Together, Kafka and Flink are a strong combination. Kafka is the bloodstream, while Flink is the reflex system.
Like A2A is the HTTP of the agent world, Kafka and Flink give an event-driven base for scalable agent communication and computation, solving problems that direct communication can’t:
- Decoupling: With Kafka, agents don’t need to know who is using their output. They send events (e.g., ‘TaskCompleted’, ‘InsightGenerated’) to a topic, letting any agent or system subscribe.
- Observability and Replayability: Kafka keeps a durable log of all events, making sure agent behavior is fully traceable, auditable, and repeatable.
- Real-time Decisioning: Flink lets agents react in real-time to event streams, filtering, improving, joining, or starting actions based on conditions.
- Resilience and Scaling: Flink jobs can grow independently, recover from failures, and keep state across long workflows, which is important for agents doing complex tasks.
- Stream-Native Coordination: Instead of waiting for responses, agents can work together through event streams, sending updates, subscribing to workflows, and moving state forward.
In short:
- A2A says how agents talk.
- MCP says how they use outside tools.
- Kafka says how their messages flow.
- Flink says how those flows are processed, changed, and used to make decisions.
Protocols like A2A and MCP are important for setting standards for agent behavior and communication. But, without an event-driven system like Kafka and a stream-native runtime like Flink, agents stay separate, unable to work together, grow efficiently, or reason over time.
The Four-Layer Architecture for Enterprise-Grade AI Agents
To fully make the vision of enterprise-grade AI agents real, we need a four-layer architecture:
- Protocols: A2A, MCP – saying what.
- Frameworks: LangGraph, CrewAI, ADK – saying how.
- Messaging Infrastructure: Apache Kafka – supporting the flow.
- Real-time Computation: Apache Flink – supporting the thinking.
Together, these layers make the new internet stack for AI agents, giving a base for building systems that are not only smart but also collaborative, observable, and ready for production.
We are at a crucial point in the evolution of software.
Just as the original internet stack – made of protocols like HTTP and SMTP and infrastructure like TCP/IP – started an era of global connection, a new stack is coming for AI agents. But, instead of humans browsing web pages or sending emails, this stack is made for autonomous systems working together to reason, decide, and act.

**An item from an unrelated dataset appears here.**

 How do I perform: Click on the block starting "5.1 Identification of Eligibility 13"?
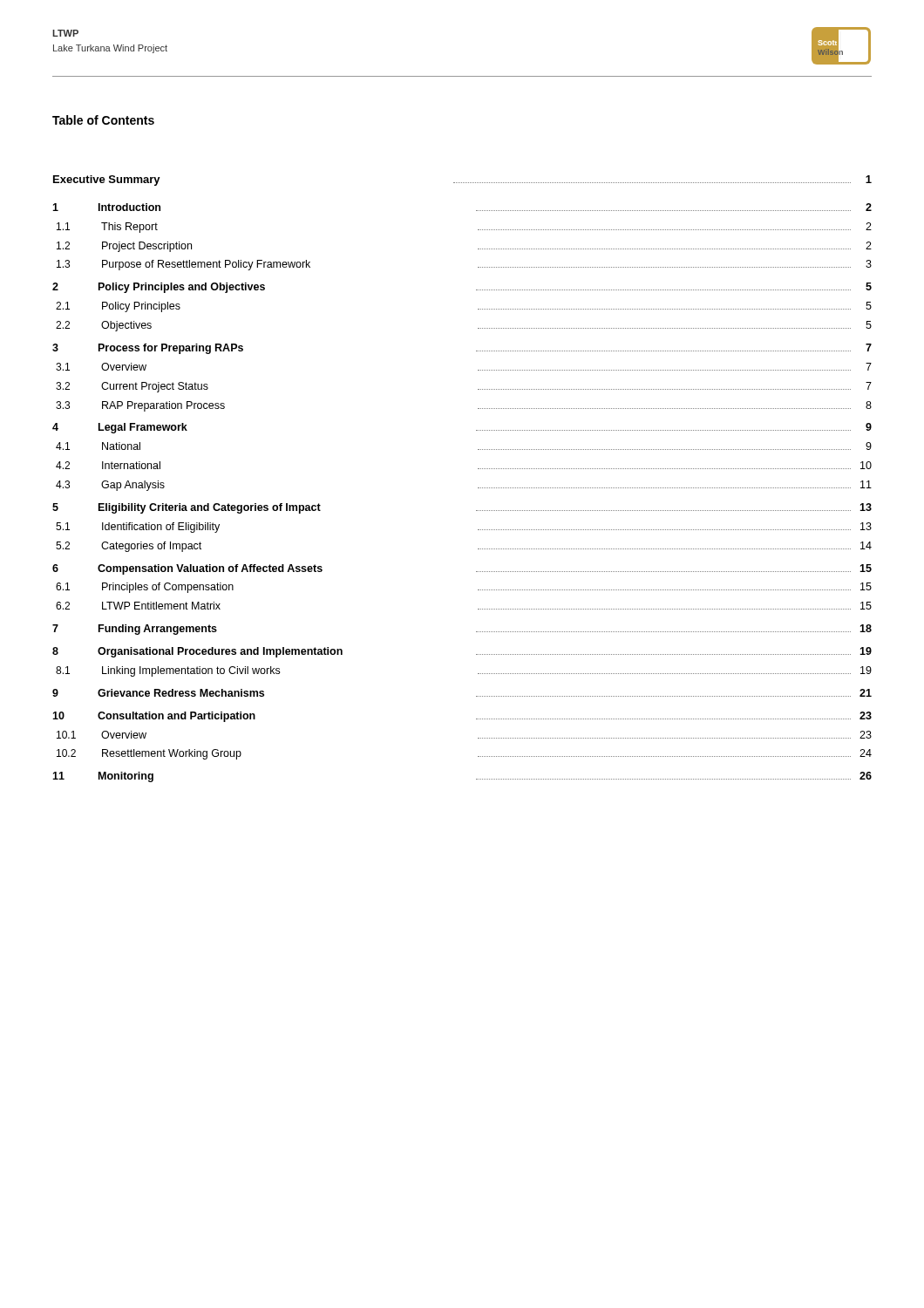(x=158, y=527)
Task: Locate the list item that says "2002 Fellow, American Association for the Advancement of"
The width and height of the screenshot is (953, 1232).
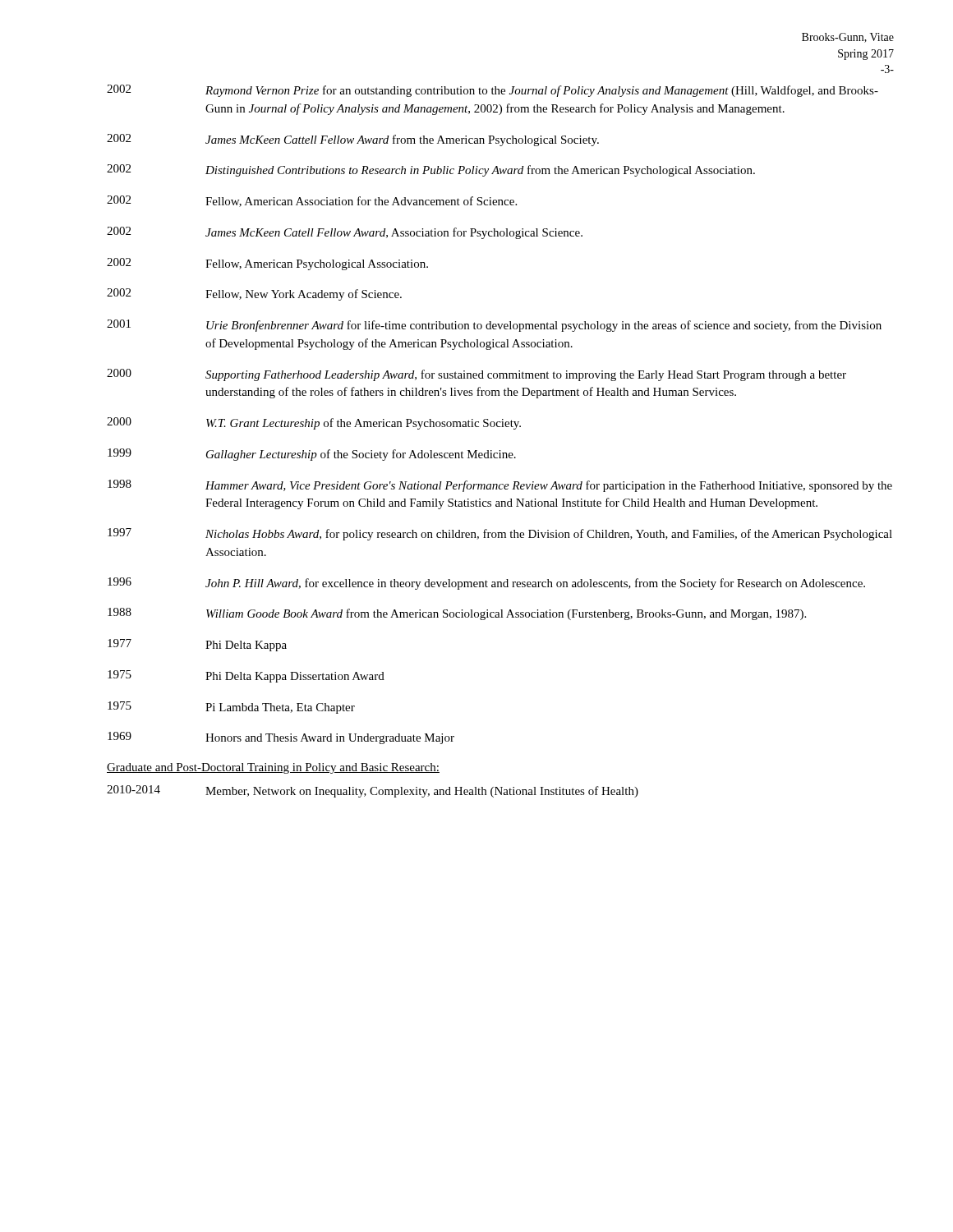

A2A and MCP give the protocols for agent communication and tool use, while Kafka and Flink give the infrastructure for real-time coordination, observability, and strength. Together, they let us move from disconnected agent demos to scalable, intelligent, production-grade ecosystems.
This change is not just about solving engineering problems. It’s about making a new kind of software where agents work together across boundaries, giving insights and driving actions in real time, letting intelligence become a distributed system.
But, this vision needs active development, focusing on openness, interoperability, and using the lessons learned from the previous internet revolution.
So, when making an agent, it’s important to think about how it fits within the bigger system. Can it talk well? Can it work with other agents? Can it change and adapt to new conditions?
The future is not just agent-powered; it’s agent-connected.